YOUR INSTRUCTIONS. Word for word, repeat each line of the listing below.

[[ DATASET EXTRACT open ]]

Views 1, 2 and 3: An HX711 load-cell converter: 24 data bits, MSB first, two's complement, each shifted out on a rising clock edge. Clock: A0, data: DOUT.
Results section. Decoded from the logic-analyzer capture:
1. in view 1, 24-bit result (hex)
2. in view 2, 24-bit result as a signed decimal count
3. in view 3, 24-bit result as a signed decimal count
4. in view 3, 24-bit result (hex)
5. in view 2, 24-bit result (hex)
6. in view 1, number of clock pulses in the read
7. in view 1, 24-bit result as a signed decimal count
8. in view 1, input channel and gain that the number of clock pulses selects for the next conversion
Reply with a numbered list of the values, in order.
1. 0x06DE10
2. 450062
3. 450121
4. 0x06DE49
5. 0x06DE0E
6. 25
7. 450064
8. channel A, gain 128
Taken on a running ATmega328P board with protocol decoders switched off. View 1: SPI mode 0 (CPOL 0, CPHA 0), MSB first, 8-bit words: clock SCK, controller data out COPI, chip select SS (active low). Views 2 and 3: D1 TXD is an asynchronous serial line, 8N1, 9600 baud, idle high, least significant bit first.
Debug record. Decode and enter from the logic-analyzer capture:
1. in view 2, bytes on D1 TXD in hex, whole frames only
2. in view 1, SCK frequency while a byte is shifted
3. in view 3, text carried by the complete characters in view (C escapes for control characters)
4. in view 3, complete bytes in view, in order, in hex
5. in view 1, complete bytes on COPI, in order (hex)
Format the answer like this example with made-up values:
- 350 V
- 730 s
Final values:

[[ DATASET EXTRACT closed ]]

RESULT BELOW.
Views 1, 2 and 3: An HX711 load-cell converter: 24 data bits, MSB first, two's complement, each shifted out on a rising clock edge. Clock: A0, data: DOUT.
Results section. Decoded from the logic-analyzer capture:
1. in view 1, 24-bit result (hex)
2. in view 2, 24-bit result as a signed decimal count
3. in view 3, 24-bit result as a signed decimal count
4. in view 3, 24-bit result (hex)
5. in view 2, 24-bit result (hex)
6. in view 1, number of clock pulses in the read
7. in view 1, 24-bit result as a signed decimal count
8. in view 1, input channel and gain that the number of clock pulses selects for the next conversion
Reply with a numbered list of the values, in order.
1. 0x06DE10
2. 450062
3. 450121
4. 0x06DE49
5. 0x06DE0E
6. 25
7. 450064
8. channel A, gain 128
Taken on a running ATmega328P board with protocol decoders switched off. View 1: SPI mode 0 (CPOL 0, CPHA 0), MSB first, 8-bit words: clock SCK, controller data out COPI, chip select SS (active low). Views 2 and 3: D1 TXD is an asynchronous serial line, 8N1, 9600 baud, idle high, least significant bit first.
Debug record. Decode and enter from the logic-analyzer capture:
1. in view 2, bytes on D1 TXD in hex, whole frames only
2. in view 1, SCK frequency while a byte is shifted
3. in view 3, text carried by the complete characters in view (C escapes for control characters)
4. in view 3, complete bytes in view, in order, in hex
5. in view 1, complete bytes on COPI, in order (hex)
Format the answer like this example with made-up values:
- 350 V
- 730 s
Final values:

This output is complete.